**** SUPPLIED RECORDS ****
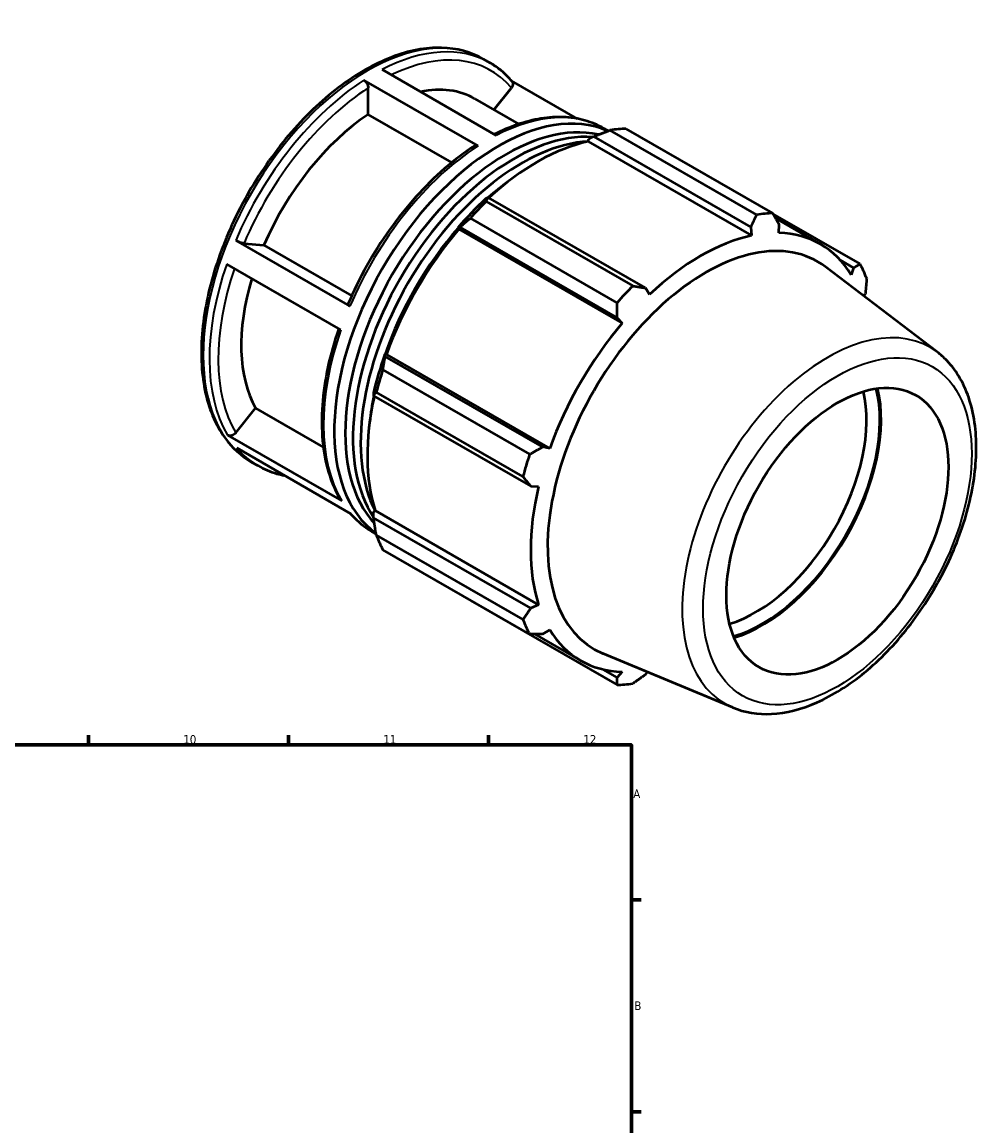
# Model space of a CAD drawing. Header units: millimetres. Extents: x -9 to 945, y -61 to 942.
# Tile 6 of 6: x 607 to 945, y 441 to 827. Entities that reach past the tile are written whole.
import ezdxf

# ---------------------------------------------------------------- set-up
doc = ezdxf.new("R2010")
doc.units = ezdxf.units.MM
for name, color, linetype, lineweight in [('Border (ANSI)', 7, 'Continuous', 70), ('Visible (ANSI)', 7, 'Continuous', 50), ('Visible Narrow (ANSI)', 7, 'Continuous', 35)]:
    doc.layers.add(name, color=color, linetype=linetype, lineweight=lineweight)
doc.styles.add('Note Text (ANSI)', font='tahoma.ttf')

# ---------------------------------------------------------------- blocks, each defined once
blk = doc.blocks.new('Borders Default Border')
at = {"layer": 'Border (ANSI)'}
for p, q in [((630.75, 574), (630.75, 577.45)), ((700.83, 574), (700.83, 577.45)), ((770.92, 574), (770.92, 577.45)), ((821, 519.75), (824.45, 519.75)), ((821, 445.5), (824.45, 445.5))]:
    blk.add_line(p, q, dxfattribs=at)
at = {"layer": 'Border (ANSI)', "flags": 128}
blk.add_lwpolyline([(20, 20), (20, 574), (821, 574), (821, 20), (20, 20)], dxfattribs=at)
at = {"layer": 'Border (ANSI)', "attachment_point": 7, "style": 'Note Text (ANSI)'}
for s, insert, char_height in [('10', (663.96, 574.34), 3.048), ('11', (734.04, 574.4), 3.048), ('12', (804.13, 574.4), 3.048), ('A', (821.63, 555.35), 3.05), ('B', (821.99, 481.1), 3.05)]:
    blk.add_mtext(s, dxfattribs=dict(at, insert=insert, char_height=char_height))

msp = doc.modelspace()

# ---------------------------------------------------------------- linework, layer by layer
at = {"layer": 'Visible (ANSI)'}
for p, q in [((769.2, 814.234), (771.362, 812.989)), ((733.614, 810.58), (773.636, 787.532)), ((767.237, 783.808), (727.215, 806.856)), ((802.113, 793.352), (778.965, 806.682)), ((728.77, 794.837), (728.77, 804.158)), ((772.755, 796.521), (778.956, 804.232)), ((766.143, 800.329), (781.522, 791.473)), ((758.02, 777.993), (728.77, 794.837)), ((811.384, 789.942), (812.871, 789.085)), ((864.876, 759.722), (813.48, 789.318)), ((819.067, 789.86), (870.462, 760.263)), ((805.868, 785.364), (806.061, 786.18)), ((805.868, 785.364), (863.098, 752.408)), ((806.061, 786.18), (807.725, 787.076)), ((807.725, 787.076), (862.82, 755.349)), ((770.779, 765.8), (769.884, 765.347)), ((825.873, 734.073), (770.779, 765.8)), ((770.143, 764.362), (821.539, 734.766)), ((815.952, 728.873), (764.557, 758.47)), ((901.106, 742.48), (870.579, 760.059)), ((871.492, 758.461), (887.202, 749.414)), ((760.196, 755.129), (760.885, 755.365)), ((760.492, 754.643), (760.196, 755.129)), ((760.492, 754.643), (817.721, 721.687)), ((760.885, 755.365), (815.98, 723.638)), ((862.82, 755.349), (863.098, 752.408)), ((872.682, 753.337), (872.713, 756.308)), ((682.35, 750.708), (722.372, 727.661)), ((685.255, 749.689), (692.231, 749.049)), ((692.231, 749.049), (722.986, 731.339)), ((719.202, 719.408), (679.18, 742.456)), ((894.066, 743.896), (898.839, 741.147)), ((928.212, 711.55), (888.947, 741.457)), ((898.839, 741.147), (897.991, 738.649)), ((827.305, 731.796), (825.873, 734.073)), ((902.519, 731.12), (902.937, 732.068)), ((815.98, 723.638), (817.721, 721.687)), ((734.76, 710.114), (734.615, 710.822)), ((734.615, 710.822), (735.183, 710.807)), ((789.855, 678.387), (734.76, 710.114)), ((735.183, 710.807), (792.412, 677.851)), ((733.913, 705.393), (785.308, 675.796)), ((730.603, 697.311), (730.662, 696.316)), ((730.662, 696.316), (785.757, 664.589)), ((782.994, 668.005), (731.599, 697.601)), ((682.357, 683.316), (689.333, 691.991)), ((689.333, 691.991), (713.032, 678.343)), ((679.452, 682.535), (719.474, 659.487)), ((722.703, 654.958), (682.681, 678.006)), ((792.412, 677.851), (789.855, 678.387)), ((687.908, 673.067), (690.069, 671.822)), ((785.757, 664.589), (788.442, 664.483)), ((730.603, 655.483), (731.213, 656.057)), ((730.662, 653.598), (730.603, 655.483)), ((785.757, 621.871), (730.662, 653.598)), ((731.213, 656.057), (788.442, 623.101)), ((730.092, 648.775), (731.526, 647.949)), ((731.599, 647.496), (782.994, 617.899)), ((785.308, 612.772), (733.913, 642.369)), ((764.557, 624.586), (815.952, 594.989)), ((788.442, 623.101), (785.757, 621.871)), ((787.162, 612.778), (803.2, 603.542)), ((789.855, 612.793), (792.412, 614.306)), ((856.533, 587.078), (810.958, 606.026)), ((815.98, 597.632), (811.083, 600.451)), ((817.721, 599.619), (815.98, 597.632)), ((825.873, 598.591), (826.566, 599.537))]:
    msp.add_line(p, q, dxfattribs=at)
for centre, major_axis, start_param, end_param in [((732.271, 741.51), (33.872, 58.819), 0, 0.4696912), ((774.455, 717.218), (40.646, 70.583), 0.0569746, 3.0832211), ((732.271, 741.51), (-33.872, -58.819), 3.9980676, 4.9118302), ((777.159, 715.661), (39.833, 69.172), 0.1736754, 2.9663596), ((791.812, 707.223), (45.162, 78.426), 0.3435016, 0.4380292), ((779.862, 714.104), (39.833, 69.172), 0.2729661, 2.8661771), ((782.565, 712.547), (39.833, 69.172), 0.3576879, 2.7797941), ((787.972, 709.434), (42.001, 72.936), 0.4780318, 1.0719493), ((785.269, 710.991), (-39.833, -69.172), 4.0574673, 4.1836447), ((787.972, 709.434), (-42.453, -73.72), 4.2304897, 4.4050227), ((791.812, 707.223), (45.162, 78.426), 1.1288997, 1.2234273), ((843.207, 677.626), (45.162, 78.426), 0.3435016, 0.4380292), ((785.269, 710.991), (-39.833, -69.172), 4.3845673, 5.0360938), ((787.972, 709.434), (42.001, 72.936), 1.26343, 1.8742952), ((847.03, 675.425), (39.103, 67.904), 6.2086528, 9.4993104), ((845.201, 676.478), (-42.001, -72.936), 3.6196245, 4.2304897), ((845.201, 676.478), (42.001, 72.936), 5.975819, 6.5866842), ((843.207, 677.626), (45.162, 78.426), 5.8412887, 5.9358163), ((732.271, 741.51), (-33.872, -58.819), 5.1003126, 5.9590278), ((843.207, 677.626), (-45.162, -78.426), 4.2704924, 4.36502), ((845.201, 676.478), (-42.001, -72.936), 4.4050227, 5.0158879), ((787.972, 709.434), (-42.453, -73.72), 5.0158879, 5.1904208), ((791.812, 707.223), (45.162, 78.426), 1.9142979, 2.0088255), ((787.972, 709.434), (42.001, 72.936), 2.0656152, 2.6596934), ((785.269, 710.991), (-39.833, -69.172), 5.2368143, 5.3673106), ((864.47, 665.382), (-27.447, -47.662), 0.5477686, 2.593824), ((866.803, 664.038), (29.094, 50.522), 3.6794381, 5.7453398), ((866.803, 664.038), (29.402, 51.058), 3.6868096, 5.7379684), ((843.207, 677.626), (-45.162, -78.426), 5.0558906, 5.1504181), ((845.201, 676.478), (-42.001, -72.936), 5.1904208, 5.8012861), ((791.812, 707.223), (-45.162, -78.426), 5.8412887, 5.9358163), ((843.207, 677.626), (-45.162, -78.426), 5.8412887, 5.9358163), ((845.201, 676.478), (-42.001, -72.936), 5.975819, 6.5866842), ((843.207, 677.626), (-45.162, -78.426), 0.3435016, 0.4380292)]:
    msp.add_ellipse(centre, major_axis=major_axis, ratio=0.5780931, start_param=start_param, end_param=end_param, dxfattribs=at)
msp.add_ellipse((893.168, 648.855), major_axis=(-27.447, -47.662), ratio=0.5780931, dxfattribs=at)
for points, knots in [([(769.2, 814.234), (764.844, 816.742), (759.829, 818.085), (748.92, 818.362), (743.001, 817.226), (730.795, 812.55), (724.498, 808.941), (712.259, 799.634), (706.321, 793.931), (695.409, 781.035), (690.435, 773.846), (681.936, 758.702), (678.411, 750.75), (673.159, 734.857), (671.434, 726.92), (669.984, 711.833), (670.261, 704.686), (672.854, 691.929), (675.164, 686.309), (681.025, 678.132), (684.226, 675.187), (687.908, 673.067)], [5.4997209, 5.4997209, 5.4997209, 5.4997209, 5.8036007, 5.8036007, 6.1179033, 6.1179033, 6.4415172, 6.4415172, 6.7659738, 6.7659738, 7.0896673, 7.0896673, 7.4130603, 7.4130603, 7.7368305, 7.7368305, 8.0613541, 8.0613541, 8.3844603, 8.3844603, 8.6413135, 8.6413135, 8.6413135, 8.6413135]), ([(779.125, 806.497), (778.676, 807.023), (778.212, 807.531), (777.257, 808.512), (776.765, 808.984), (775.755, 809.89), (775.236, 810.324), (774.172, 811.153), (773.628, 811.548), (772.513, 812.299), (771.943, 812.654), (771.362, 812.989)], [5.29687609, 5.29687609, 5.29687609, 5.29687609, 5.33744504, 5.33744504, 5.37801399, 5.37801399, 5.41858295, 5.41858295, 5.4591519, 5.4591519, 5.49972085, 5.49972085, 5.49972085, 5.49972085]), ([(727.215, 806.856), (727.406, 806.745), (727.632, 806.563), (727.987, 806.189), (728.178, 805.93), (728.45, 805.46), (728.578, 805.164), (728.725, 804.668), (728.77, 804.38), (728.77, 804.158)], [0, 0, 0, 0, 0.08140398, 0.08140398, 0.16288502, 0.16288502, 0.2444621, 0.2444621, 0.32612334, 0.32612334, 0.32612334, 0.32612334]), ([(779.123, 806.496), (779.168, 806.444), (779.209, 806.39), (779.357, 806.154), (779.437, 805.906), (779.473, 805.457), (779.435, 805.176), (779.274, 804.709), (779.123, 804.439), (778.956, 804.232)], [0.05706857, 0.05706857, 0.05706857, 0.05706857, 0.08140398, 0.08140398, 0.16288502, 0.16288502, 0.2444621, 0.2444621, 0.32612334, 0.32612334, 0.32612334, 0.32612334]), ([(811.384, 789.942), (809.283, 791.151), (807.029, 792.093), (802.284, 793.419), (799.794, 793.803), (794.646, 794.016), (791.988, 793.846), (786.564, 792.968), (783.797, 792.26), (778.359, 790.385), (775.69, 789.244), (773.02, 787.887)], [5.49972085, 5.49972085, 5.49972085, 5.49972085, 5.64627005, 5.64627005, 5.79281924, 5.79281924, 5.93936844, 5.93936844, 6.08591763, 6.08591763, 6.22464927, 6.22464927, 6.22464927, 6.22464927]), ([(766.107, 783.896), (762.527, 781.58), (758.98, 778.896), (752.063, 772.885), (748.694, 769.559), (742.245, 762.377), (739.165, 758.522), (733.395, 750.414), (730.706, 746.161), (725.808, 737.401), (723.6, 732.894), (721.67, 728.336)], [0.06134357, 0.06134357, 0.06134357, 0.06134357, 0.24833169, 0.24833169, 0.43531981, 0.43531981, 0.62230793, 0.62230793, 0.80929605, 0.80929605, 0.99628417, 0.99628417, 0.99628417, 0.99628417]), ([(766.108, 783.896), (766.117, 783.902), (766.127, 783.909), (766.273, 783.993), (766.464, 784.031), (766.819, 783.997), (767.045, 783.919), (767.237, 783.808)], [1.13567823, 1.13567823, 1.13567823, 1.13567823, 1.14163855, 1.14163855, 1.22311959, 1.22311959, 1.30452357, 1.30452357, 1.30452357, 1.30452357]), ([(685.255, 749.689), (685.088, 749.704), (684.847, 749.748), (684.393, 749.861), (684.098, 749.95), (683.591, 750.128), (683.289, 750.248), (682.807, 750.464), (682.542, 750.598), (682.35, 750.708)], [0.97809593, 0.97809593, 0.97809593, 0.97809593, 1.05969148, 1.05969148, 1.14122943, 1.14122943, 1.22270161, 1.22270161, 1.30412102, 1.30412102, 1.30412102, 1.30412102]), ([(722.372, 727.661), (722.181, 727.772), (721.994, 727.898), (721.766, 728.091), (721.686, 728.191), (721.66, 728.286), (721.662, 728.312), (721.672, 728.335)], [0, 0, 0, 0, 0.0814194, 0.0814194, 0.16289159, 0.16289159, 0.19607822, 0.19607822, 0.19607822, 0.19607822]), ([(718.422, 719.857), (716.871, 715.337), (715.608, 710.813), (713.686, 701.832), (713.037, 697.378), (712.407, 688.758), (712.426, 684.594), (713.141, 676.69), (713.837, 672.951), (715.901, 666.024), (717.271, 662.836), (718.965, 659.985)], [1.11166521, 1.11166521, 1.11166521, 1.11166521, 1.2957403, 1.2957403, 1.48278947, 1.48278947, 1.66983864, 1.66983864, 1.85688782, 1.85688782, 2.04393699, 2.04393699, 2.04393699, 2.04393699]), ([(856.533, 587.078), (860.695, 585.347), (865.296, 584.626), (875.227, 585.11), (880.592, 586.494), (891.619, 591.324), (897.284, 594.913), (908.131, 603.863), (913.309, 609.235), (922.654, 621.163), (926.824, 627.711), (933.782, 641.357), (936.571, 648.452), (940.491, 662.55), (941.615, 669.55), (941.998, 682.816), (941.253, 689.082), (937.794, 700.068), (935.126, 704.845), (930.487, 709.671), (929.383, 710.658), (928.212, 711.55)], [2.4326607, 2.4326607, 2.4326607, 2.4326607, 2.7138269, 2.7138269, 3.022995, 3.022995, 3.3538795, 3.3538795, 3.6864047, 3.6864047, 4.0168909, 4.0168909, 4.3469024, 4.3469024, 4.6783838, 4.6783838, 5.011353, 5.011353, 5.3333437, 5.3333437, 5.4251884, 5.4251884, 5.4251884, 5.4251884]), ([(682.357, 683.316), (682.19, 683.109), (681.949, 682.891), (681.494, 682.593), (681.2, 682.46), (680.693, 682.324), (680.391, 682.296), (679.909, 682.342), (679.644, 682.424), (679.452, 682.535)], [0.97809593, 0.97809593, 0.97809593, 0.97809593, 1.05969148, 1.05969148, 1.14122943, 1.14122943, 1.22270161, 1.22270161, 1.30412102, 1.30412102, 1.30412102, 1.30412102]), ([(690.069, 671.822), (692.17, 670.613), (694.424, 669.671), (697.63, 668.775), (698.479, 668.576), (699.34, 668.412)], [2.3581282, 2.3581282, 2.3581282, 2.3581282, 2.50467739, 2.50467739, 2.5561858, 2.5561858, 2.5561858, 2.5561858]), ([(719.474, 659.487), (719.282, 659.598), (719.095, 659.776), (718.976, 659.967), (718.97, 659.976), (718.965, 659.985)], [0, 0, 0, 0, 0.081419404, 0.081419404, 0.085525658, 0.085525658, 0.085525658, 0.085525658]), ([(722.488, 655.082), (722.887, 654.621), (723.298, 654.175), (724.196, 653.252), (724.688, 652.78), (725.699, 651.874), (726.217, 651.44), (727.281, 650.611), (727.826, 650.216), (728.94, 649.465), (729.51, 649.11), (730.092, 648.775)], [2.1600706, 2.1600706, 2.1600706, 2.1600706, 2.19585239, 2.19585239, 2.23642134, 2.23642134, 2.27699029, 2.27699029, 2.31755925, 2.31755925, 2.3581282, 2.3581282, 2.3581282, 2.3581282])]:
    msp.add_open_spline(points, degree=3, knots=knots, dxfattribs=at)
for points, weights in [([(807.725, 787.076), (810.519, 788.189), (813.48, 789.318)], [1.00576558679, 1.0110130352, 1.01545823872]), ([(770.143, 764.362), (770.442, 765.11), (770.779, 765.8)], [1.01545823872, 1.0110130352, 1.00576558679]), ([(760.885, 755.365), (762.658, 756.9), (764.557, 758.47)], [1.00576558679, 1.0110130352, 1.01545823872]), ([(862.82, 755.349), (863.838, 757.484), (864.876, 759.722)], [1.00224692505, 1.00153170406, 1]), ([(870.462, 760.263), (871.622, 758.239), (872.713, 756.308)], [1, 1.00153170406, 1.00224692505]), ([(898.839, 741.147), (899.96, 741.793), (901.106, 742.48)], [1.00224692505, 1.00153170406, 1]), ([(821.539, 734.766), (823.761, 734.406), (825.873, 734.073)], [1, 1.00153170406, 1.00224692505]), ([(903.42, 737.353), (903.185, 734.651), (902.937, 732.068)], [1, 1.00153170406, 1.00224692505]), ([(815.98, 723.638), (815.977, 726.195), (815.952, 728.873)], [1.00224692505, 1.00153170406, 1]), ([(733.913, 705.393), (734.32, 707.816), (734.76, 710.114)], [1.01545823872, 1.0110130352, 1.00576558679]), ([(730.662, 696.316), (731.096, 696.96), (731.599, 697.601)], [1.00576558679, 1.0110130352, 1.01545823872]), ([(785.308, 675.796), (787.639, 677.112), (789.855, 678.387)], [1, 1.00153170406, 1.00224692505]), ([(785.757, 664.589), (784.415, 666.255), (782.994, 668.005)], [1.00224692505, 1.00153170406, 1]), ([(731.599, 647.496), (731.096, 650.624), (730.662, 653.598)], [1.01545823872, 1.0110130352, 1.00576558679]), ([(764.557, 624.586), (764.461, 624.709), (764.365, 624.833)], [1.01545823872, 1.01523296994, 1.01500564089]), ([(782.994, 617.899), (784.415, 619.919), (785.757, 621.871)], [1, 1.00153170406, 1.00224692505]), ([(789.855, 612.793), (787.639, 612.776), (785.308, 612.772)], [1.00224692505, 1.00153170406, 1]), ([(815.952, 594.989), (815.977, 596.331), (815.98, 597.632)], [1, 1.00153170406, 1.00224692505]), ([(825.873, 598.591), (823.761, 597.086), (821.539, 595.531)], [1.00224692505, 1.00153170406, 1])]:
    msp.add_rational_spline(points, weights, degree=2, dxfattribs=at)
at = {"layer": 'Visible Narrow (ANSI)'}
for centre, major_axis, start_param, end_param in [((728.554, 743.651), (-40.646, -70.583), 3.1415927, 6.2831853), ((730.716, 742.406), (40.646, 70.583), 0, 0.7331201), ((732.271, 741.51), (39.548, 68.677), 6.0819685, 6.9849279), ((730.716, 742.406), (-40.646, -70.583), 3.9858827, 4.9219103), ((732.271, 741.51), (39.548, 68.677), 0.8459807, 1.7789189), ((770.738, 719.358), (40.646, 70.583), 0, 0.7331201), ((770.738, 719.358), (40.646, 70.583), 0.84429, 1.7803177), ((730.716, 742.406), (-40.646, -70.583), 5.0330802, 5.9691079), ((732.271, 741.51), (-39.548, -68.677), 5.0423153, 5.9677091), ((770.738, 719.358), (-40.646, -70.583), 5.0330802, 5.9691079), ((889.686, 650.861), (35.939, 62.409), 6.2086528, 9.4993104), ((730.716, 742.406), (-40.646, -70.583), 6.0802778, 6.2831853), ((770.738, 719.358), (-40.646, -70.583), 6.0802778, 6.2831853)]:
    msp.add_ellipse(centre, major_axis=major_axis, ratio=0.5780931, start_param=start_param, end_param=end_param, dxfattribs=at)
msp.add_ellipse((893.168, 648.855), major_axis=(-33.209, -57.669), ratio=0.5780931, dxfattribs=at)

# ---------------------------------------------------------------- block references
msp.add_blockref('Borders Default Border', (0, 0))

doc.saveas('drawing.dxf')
****
» EXERCISE GOAL
Copy every line from the entries that contains the word "Borders".

» WORKED SOLUTION
blk = doc.blocks.new('Borders Default Border')
msp.add_blockref('Borders Default Border', (0, 0))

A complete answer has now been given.